Stade wartet auf Wunder

Das Aluminium-Werk in Stade soll wegen zu hoher Strompreise schließen. Für 300 Beschäftigte will der Konzern „Ersatzarbeitsplätze“ finden – und verweist auf Erfahrungen in Bayern und Norwegen

Von Thomas Brunotte

Eine neue alte Art, eine Werksschließung zu kaschieren, wendet jetzt der Konzern Norsk Hydro für sein Werk in Stade an: Erst den Laden schließen, dann verkünden, neue Firmen würden am Standort schon wieder Jobs schaffen. „Wie Hydro das schaffen will, ist mir nicht klar“, sagt der Stader Grüne Henning Münnecke zu diesem genialen Plan. Doch der norwegische Mischkonzern betont, er sei optimistisch, für gut 300 der 430 Beschäftigten per Auffanggeselschaft Ersatzjobs finden zu können. Die übrigen Arbeiter könnten in den Ruhestand gehen.

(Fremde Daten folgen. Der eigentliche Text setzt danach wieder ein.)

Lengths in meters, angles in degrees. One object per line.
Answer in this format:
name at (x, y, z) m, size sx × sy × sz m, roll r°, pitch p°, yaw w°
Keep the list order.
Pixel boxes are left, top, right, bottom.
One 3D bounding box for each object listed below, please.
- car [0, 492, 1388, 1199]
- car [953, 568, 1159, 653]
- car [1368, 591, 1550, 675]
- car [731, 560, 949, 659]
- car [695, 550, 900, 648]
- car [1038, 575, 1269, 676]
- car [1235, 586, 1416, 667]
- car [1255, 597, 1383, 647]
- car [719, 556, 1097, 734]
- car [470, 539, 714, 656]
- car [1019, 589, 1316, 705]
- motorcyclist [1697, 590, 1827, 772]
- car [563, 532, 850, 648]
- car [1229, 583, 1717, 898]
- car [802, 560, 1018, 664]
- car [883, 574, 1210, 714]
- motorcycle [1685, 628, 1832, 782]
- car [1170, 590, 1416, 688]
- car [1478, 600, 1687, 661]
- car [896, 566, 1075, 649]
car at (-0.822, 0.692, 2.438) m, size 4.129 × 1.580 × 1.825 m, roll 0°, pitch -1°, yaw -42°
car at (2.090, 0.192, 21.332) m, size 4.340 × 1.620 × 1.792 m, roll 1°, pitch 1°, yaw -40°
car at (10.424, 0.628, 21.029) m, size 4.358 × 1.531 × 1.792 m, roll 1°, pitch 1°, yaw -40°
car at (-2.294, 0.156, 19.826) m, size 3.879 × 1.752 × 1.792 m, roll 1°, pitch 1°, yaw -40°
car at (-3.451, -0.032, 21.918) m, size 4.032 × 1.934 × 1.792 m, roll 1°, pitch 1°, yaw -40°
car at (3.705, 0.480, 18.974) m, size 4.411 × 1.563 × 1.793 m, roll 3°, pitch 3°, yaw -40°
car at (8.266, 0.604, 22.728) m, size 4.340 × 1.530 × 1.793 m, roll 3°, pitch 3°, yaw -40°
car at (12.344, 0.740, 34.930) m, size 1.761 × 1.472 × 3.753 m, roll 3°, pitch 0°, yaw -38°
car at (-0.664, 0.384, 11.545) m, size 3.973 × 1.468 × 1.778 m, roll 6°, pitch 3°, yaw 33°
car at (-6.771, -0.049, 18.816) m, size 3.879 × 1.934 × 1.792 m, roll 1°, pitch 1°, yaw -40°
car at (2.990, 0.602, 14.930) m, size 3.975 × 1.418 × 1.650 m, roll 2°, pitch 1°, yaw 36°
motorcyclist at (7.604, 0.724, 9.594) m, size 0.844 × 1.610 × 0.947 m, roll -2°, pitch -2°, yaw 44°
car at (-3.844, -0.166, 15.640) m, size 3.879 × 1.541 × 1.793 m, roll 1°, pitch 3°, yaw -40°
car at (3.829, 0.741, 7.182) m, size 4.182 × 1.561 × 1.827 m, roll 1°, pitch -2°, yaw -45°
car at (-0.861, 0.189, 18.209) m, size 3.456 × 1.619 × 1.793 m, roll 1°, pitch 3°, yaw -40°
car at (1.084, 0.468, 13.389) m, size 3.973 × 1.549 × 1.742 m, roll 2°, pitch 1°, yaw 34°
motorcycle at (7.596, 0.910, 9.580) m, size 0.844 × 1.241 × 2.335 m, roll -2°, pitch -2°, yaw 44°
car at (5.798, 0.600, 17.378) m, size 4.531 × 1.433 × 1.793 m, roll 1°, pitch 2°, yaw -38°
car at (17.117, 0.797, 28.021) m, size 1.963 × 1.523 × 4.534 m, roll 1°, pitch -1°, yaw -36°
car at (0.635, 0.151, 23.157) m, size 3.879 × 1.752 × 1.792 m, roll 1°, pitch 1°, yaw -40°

„Natürlich ist das ein ehrgeiziges Ziel“, sagt Norsk-Sprecher Michael Peter Steffen, „doch wir wollen alle unsere Industriekontakte in die Zusammenarbeit mit der Politik und der Region einbringen“. Auf diese Weise habe der Konzern in Norwegen, Österreich und Bayern angeblich bereits „erfolgreich“ Werke stillgelegt. Im südnorwegischen Porsgrun sei es sogar gelungen, durch Umstellung auf einen völlig anderen Industriezweig mehr Arbeitsplätze zu schaffen als vorher. Allerdings geht es der Wirtschaft in den genannten Region auch besser als in Stade.

Konkrete Ideen oder einen Interessenten für das Elbewerk gibt es dem entsprechend noch nicht. Zum Verkauf steht ein 50 Hektar großes Firmengelände samt Recycling-Anlagen, Klärwerk und Wasserversorgung. Über mögliche Altlasten schweigt man sich aus: „Wenn es welche gibt, muss der Konzern für die Beseitigung sorgen“, versichert der Sprecher.

Bereits die Begründung für die Werksschließung war zumindest zweifelhaft: Norsk Hydro ist das erste energieintensiv produzierende Unternehmen in Deutschland, das die Stilllegung eines Werks mit zu hohen Strompreisen rechtfertigte. Ähnlich wurde bereits bei der drohenden Schließung des Hamburger Aluminium-Werks argumentiert. Für HAW mit seinen 440 Jobs wird derzeit händeringend ein neuer Investor gesucht, hier ist Norsk Hydro Anteilseigner.

In der Tat: Bei der Produktion von Metallen wie Aluminium oder Kupfer kann Strom bis zu 30 Prozent der Betriebskosten ausmachen.

„Aluminium wird auf dem Weltmarkt in US-Dollar gehandelt. Gegenüber 2002, als Norsk Hydro das Werk übernommen hat“, rechnet der Grüne Münneke dagegen vor, „hat der Euro im Vergleich zum Dollar aber fast 30 Prozent an Wert gewonnen“. Die starke Währung habe die heimische Produktion verteuert, nicht der Strompreis. Maßgeblicher Faktor sei auch nicht die Ökosteuer, sondern vor allem der spekulative Stromgroßhandel an Strombörsen wie in Leipzig.

Nur „durch ein Wunder“ könne das Aluminiumwerk in Stade noch gerettet werden, sagte gestern Jens Kallmeyer, Geschäftsführer der Hydro Aluminium Beschäftigungsentwicklungsgesellschaft. Dafür müssten sich die Strompreise halbieren. Jon-Harald Nielsen, Chef der Aluminium-Sparte bei Norsk Hydro versichert, dass es trotz zahlreicher Gespräche mit Lieferanten auf dem deutschen Energiemarkt nicht gelungen sei, den Preis genügend zu senken. Trotz Liberalisierung dominieren derzeit vier Konzerne 85 Prozent des deutschen Strommarkts: Eon, RWE, Vattenfall und EnBW, die, so Münnecke, in den letzten beiden Jahren kräftige Gewinne erwirtschaften konnten.